Roma (Terça-feira, 28-06-2011, Gaudium Press) A correspondente de Gaudium Press em Roma, Anna Artymiak, conversou com o Padre Hermann Geissler, FSO, “capo ufficio” (chefe de departamento, em tradução livre) da Congregação para a Doutrina da Fé, sobre a teologia do Papa Bento XVI, à luz dos 60 anos do sacerdócio do pontífice, completados amanhã.

 

Gaudium Press – Que recordações pessoais o senhor, que conhece o Cardeal Ratzinger há muitos anos, tem de seu modo de viver o sacerdócio, de sua espiritualidade sacerdotal?

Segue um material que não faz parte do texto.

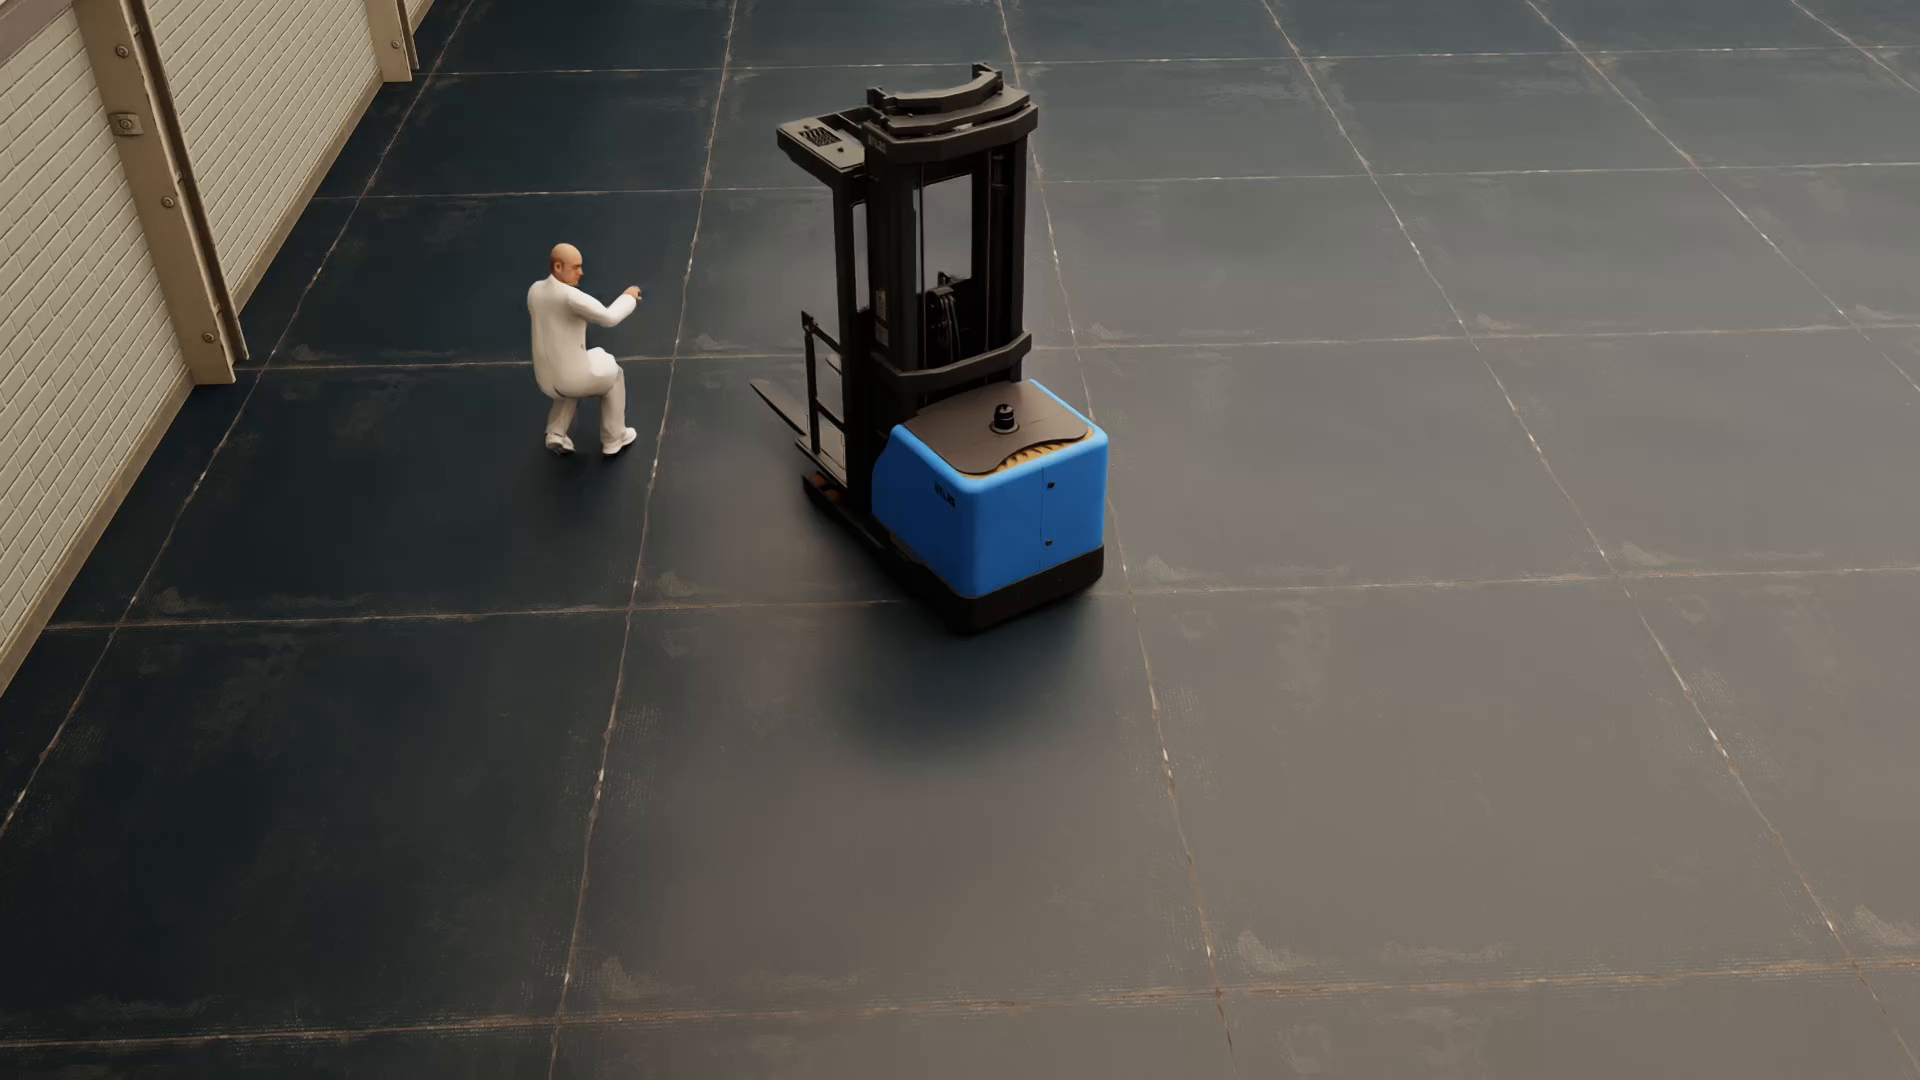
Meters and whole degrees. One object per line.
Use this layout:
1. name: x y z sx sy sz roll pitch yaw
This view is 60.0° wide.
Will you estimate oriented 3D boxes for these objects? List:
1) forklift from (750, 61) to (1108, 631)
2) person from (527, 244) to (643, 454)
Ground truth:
1. forklift: -0.364 -1.489 10.054 1.130 2.935 3.031 -21 41 -26
2. person: -2.426 -1.283 11.012 0.847 1.514 0.986 15 39 19
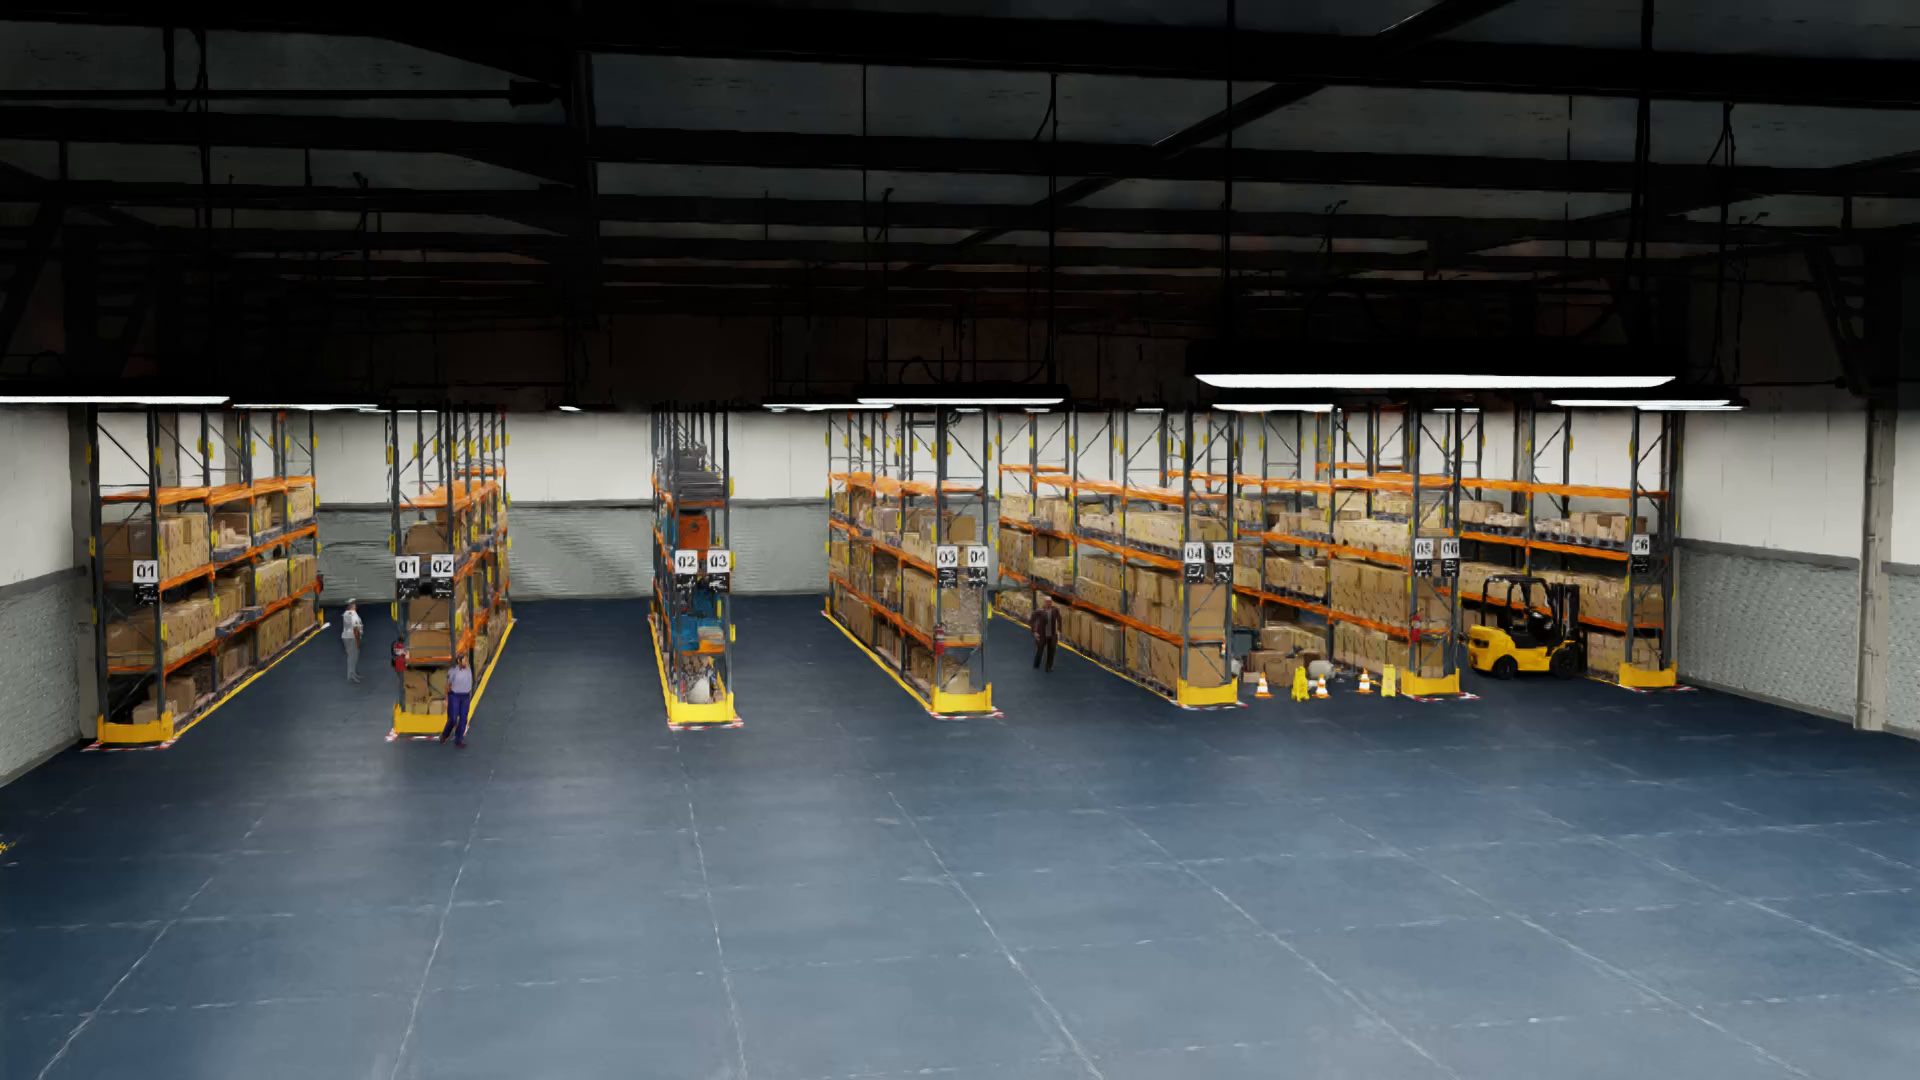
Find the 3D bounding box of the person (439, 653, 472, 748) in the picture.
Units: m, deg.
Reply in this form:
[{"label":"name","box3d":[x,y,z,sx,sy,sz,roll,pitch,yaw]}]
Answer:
[{"label":"person","box3d":[-8.686,2.751,28.657,0.522,1.638,0.556,4,6,40]}]

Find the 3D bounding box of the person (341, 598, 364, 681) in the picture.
[{"label":"person","box3d":[-13.031,2.145,35.770,0.476,1.746,0.593,-4,6,-41]}]

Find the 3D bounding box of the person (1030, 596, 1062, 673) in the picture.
[{"label":"person","box3d":[1.894,2.085,36.846,0.724,1.731,0.546,-1,4,-14]}]
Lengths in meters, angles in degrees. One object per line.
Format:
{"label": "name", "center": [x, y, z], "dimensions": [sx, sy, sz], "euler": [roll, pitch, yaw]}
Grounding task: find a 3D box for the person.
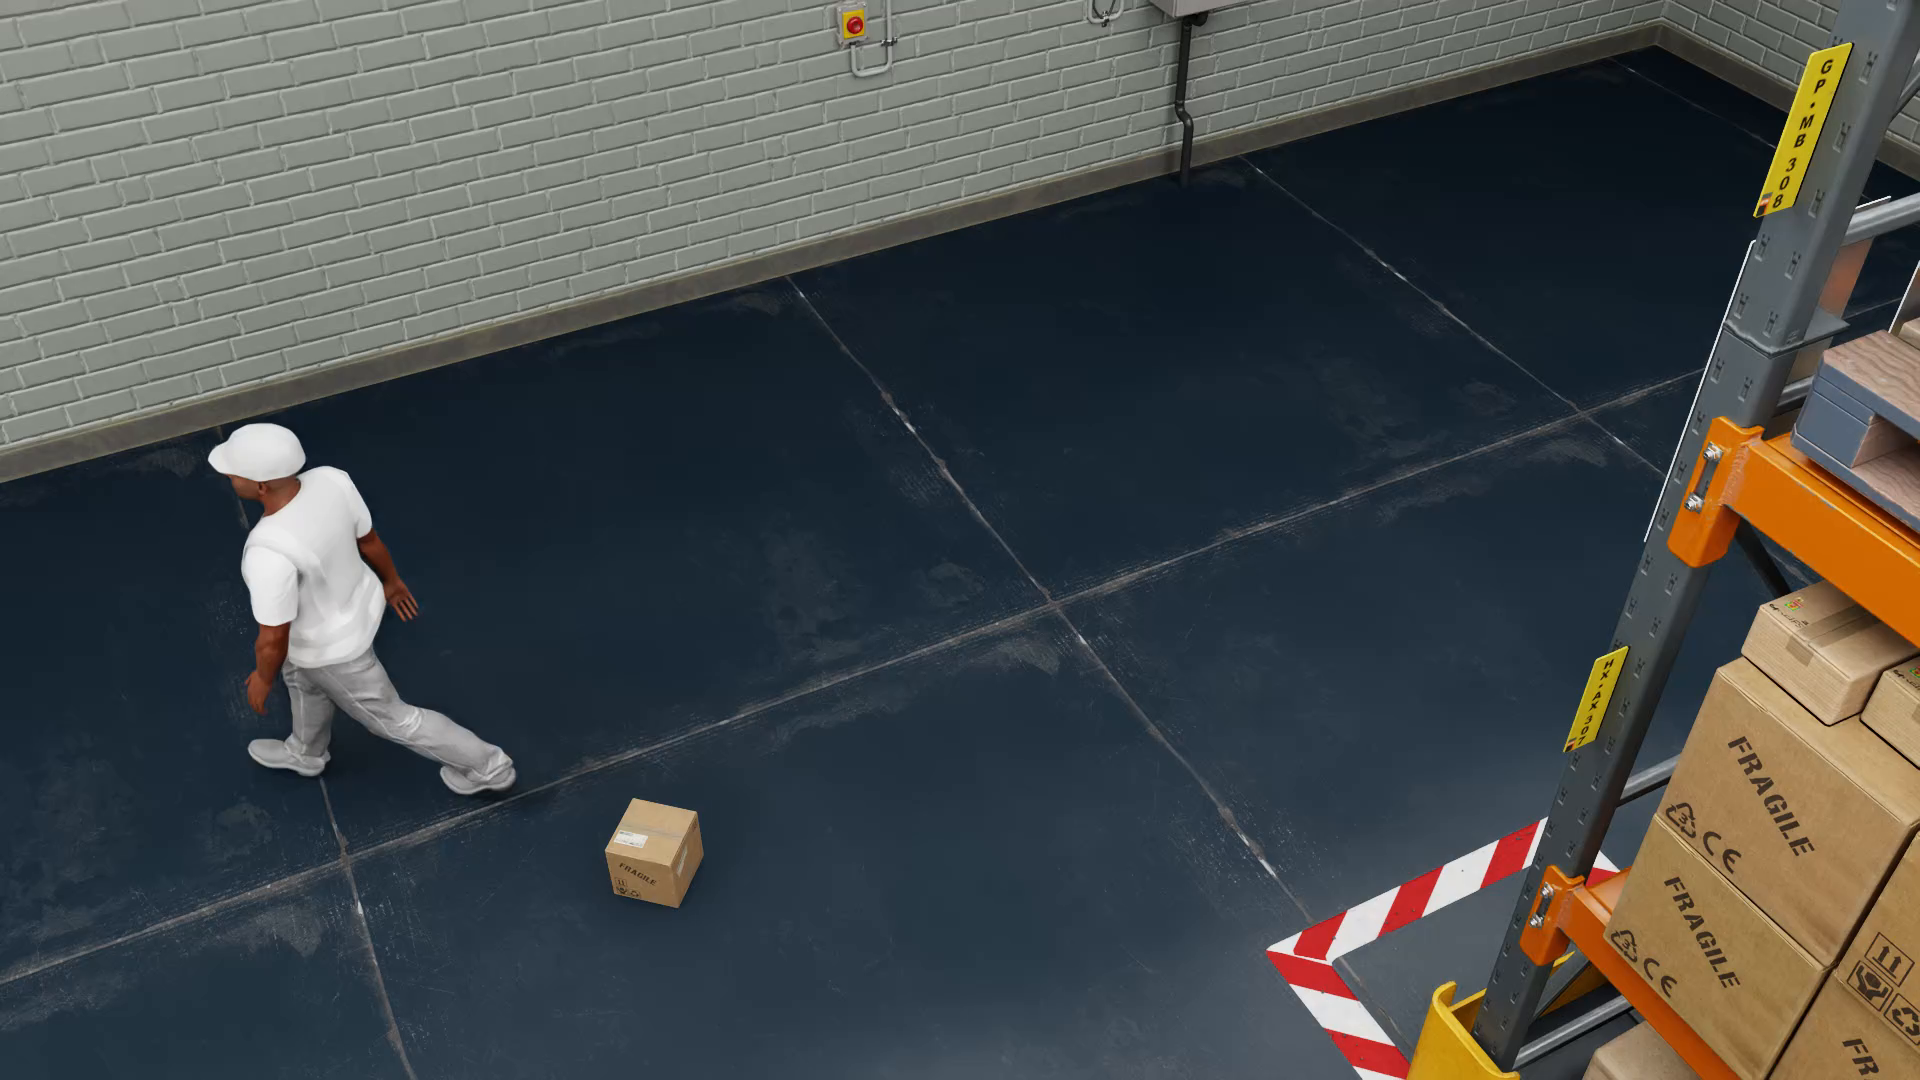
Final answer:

Padre Hermann Geissler – Conheci o Cardeal Ratzinger, que agora é o Santo Padre Bento XVI, como personalidade profunda e humilde. É um homem do diálogo, da escuta, atento a toda e qualquer pessoa. Distingue-se por uma grande interioridade, uma rica espiritualidade sacerdotal.

Esta espiritualidade é, antes de tudo, teológica. É um homem que ama Deus com todo o coração e toda a mente, que conhece sua Palavra e a transmite. Não fala de si mesmo, fala de Deus. Esta sempre foi uma constante sua, antes como cardeal e agora como pontífice.
Quando foi nomeado prefeito da Congregação para a Doutrina da Fé, alguém lhe observou que iria exercer uma tarefa muito difícil, e ele respondeu que havia entendido que, no fim das contas, era responsável não diante da história, mas perante a Deus. E isto lhe deu uma grande paz, serenidade e liberdade. O Papa não tem medo. Já como cardeal não tinha medo. Isto, me parece ser uma consequência de sua espiritualidade teocêntrica.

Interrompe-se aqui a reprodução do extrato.